J'espère ne jamais en arriver à bénir les bonnes causes qui se
salissent et se nient en recourant à des moyens répugnants. Certes, je
suis conscient que la vie peut confronter n'importe quel humain à des
choix cornéliens. Je sais aussi qu'il est extrêmement douloureux et
presque contre nature d'opposer des principes apparemment abstraits à
des solutions qui côtoient la fange tout en promettant le salut et une
conclusion glorieuse. J'ai une certaine idée de la gymnastique
philosophique qui autorise le mensonge s'il sauve la vie d'un fugitif
en danger. Toutes arguties remisées au placard, je garde la conviction
suivante : une cause se dégrade quand elle s'immerge dans les horreurs
qu'elle prétend combattre. Jusqu'à preuve du contraire, preuve que je
souhaite ne jamais recevoir, je m'obstinerai donc, en Quichotte
impénitent, à croire qu'aucune cause ne conserve de légitimité si elle
s'acoquine avec le mensonge, la dissimulation, le trafic d'influence,
la torture, le racisme, le meurtre.

Quand la guerre préventive et arbitraire rêvée par l'administration
Bush pousse la civilisation d'aujourd'hui à ces crimes, elle mérite la
condamnation.

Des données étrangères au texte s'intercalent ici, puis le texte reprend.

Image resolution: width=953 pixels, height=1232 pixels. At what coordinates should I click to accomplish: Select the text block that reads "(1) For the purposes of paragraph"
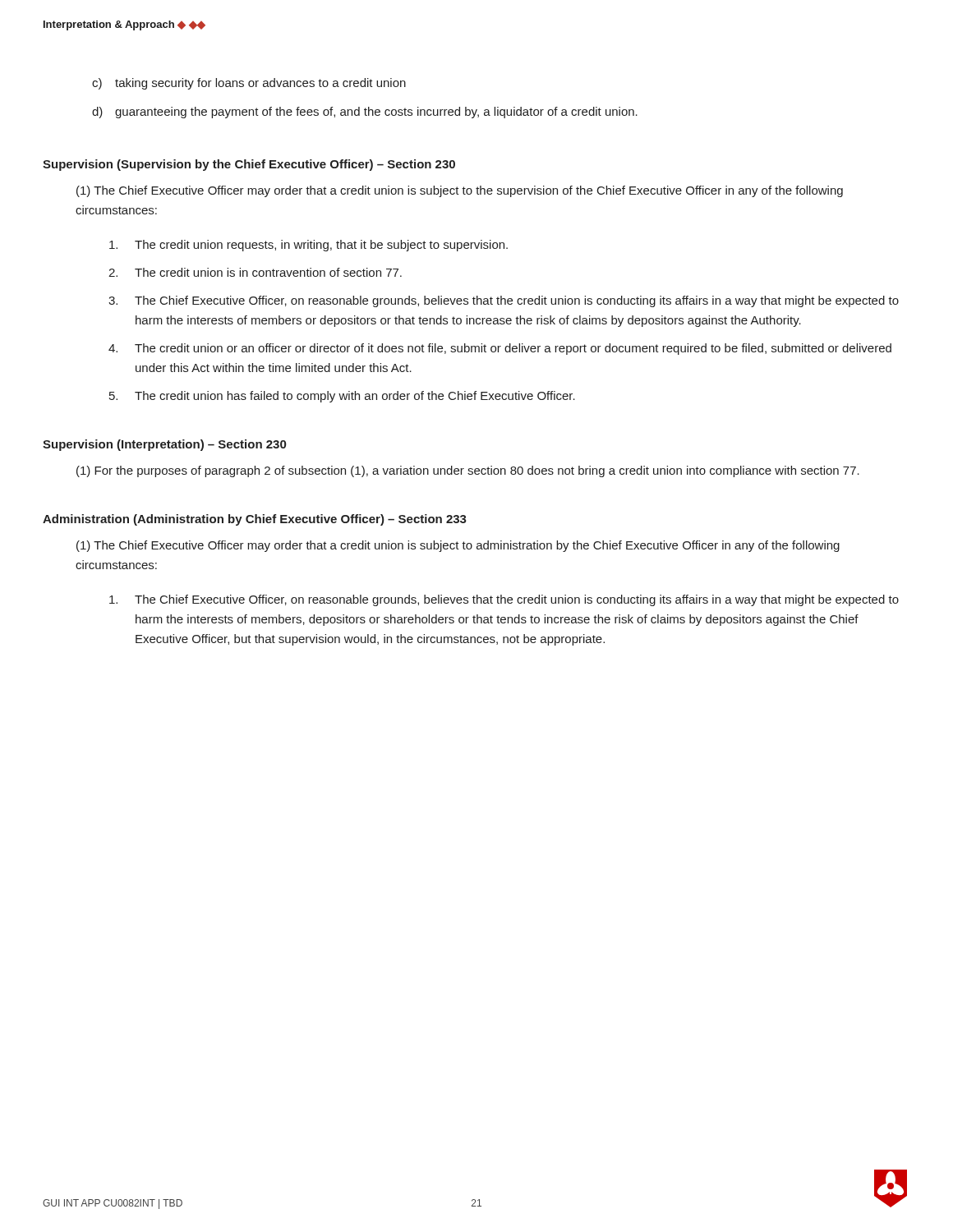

Elle ferait notre honte.

Il y a mensonge quand on maquille en défense de la population
irakienne une incontrôlable boulimie pétrolière. Un lecteur pince sans
rire me suggérait ceci : « Puisque le pétrole n'est pas le motif de la
guerre, que les États-Unis s'engagent à ne pas utiliser une seule
goutte de pétrole irakien pendant quarante ans. »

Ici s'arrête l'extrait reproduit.